Enterprise need to weigh up a few factors when deciding to run Kafka themselves or leverage a managed service.
- Cost – Managed services tend to be economically more cost effective when you take into account the advanced tooling, 24/7 support and economies of scale they provide. Remember that the cost of the managed service includes the staff and development costs you would need to cover…it’s never just the infrastructure costs.
- Opportunity costs – Running any technology yourself means making a decision between spending engineering resources on supporting technologies or focusing on your core business.
- Risk – Managing a service – especially a new technology – means you are exposed to a certain amount of technical and HR risk. Managing itself means you will go through the pain and outages as you discover the edge cases of any given technology. Once you have learnt those lessons, you need to retain the employees who have that knowledge. A capability within an organization can be lost rapidly when two or three key members leave.
- Capability – Generally, managed services will be able to deliver features and capability on top of their open source offerings that is cost-prohibitive to build internally.
Q. Why did Instaclustr select Kafka as the latest technology to add to its Open-Source-as-a-Service platform?
Instaclustr is building out an Open Source Data Platform as a service that is based on key technologies that have an amazing community, enterprise adoption, and fit a real use case. We determine this by looking at what technologies our existing customer base is already using alongside other Instaclustr services (e.g. Apache Cassandra) and see how we can make our customers’ lives easier. Kafka really adds an amazing set of capabilities to any Enterprise Architects’ toolbag, and it complements the existing highly available, highly scalable capabilities we already provide.
Q. How does Instaclustr distinguish itself as a managed Kafka provider?

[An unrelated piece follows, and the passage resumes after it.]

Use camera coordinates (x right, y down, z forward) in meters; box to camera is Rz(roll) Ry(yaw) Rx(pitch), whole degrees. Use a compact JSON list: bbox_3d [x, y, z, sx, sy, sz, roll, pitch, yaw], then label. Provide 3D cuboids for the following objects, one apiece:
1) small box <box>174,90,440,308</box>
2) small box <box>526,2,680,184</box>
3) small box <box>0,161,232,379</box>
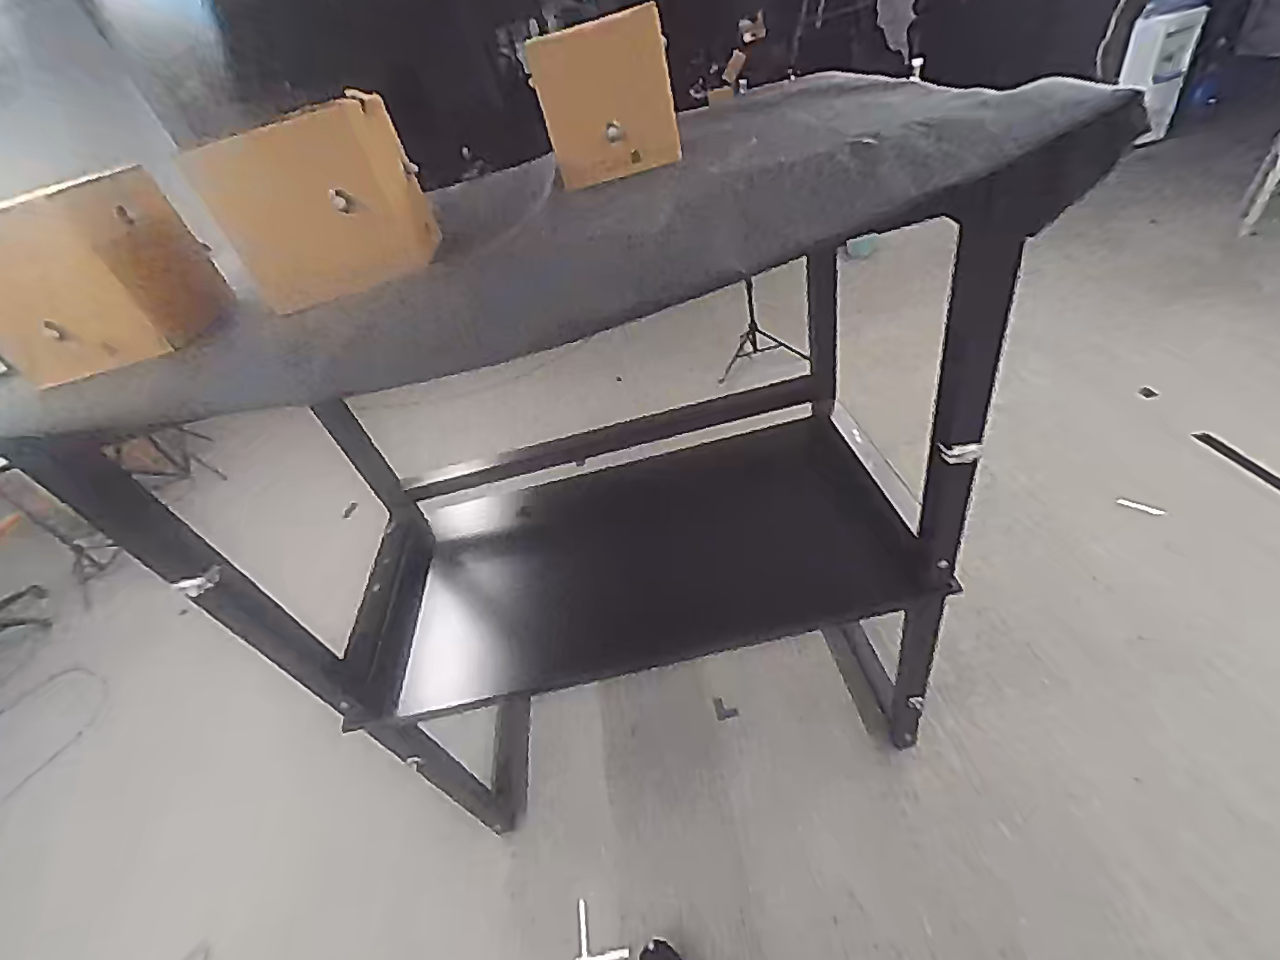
[{"bbox_3d":[-0.352,-0.322,0.620,0.179,0.176,0.168,-15,38,1],"label":"small box"},{"bbox_3d":[-0.046,-0.536,0.757,0.168,0.176,0.179,-13,40,6],"label":"small box"},{"bbox_3d":[-0.625,-0.242,0.623,0.168,0.176,0.179,-16,40,0],"label":"small box"}]

We primarily distinguish ourselves from other providers via two main points:
- Fiercely Open Source – We don’t do anything proprietary with our managed services; we generally run unchanged upstream versions of the technologies (pending hotfixes etc). Changes, features, improvements, and fixes always get upstreamed back to the community. This means zero technology lock-in, no license fees, and absolute portability for our customers. This is also fundamentally critical to companies looking to adopt the cloud but maintain agility via cloud independence.

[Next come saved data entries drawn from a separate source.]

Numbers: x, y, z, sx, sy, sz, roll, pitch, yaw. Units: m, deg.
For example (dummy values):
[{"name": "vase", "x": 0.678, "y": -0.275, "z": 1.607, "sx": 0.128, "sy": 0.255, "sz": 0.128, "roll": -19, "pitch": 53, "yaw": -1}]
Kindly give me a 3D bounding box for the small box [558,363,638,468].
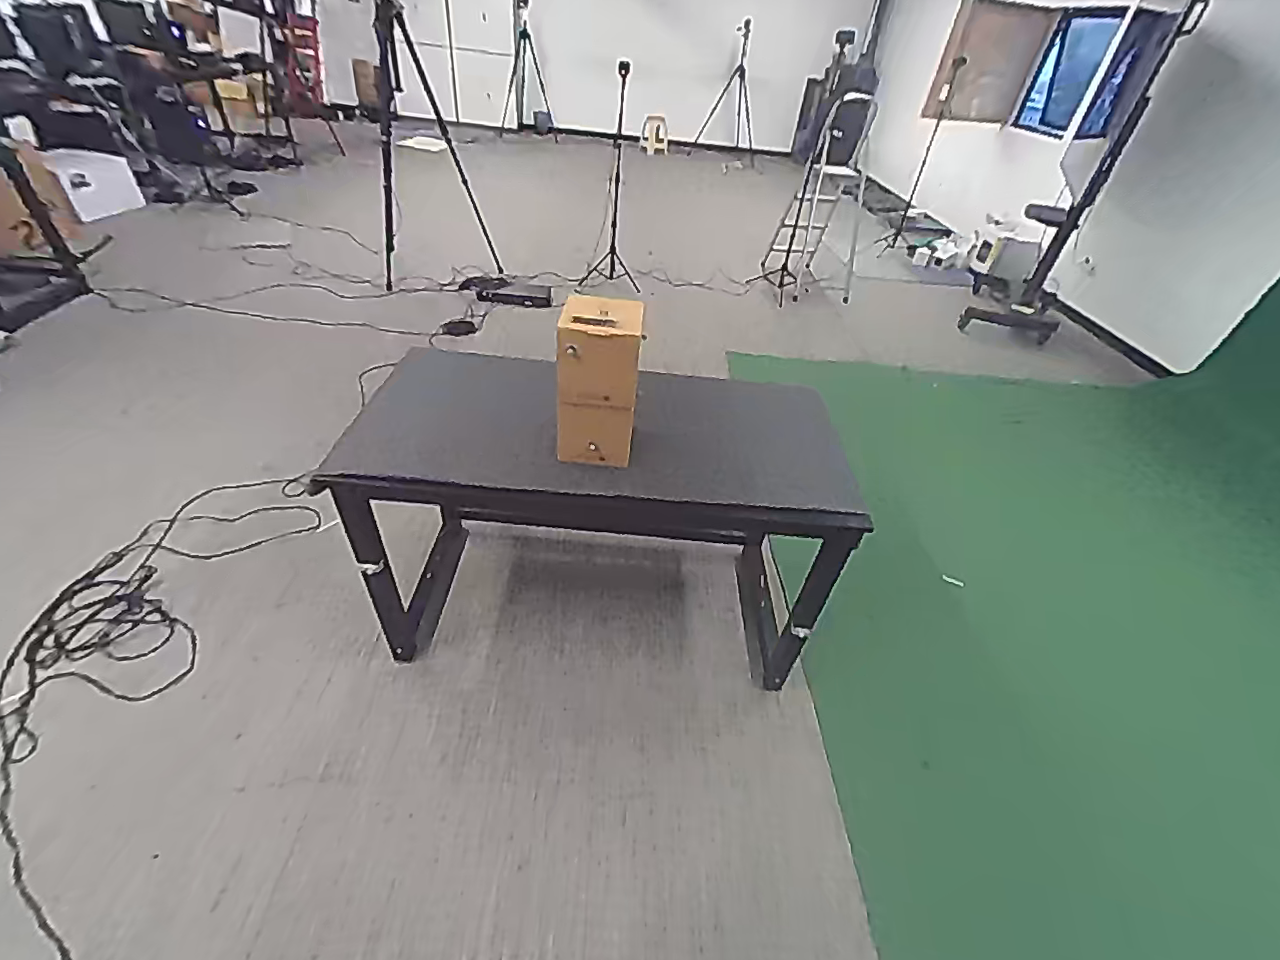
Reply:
[{"name": "small box", "x": -0.099, "y": -0.151, "z": 1.264, "sx": 0.168, "sy": 0.176, "sz": 0.179, "roll": 6, "pitch": 39, "yaw": -1}]
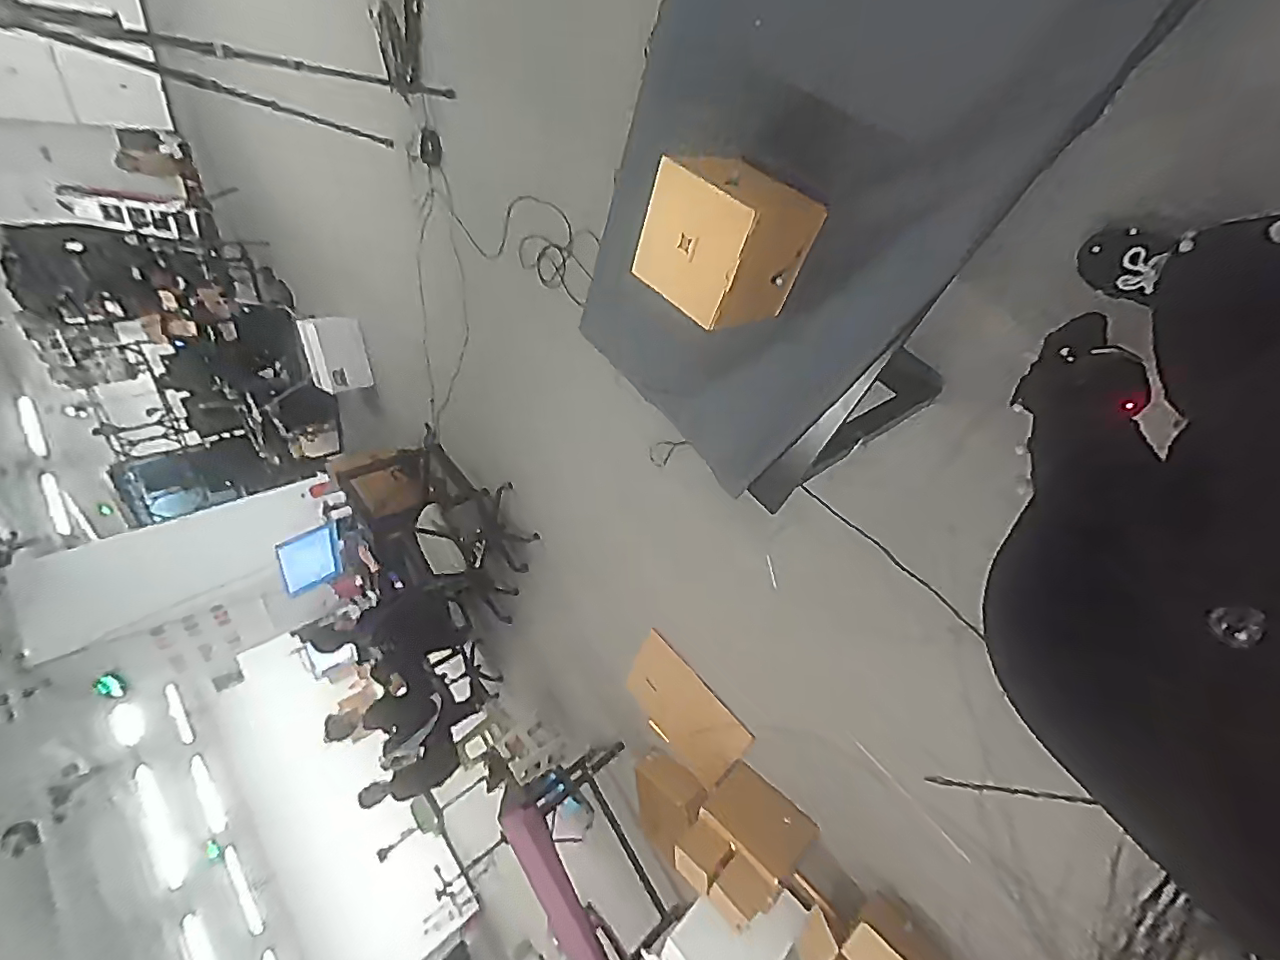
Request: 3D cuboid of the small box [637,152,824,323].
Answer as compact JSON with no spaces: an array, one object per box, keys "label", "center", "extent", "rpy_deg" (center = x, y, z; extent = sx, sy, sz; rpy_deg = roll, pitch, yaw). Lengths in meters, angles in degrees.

- Platform approach – Instaclustr provides a suite of technologies that are all proven to be highly available, highly scalable, and work well together. This makes Instaclustr the central platform to implement state changes and manage data within your real-time applications. We ensure our supported technologies work well together and integrate in a simple fashion.
About Ben Bromhead
Ben Bromhead is Chief Technology Officer and Co-Founder at Instaclustr, which delivers open source big data technology solutions at scale. Ben is located in Instaclustr’s California office and is active in various open source communities. Prior to Instaclustr, Ben had been working as an independent consultant developing NoSQL solutions for enterprises, and he ran a high-tech cryptographic and cyber security formal testing laboratory at BAE Systems and Stratsec.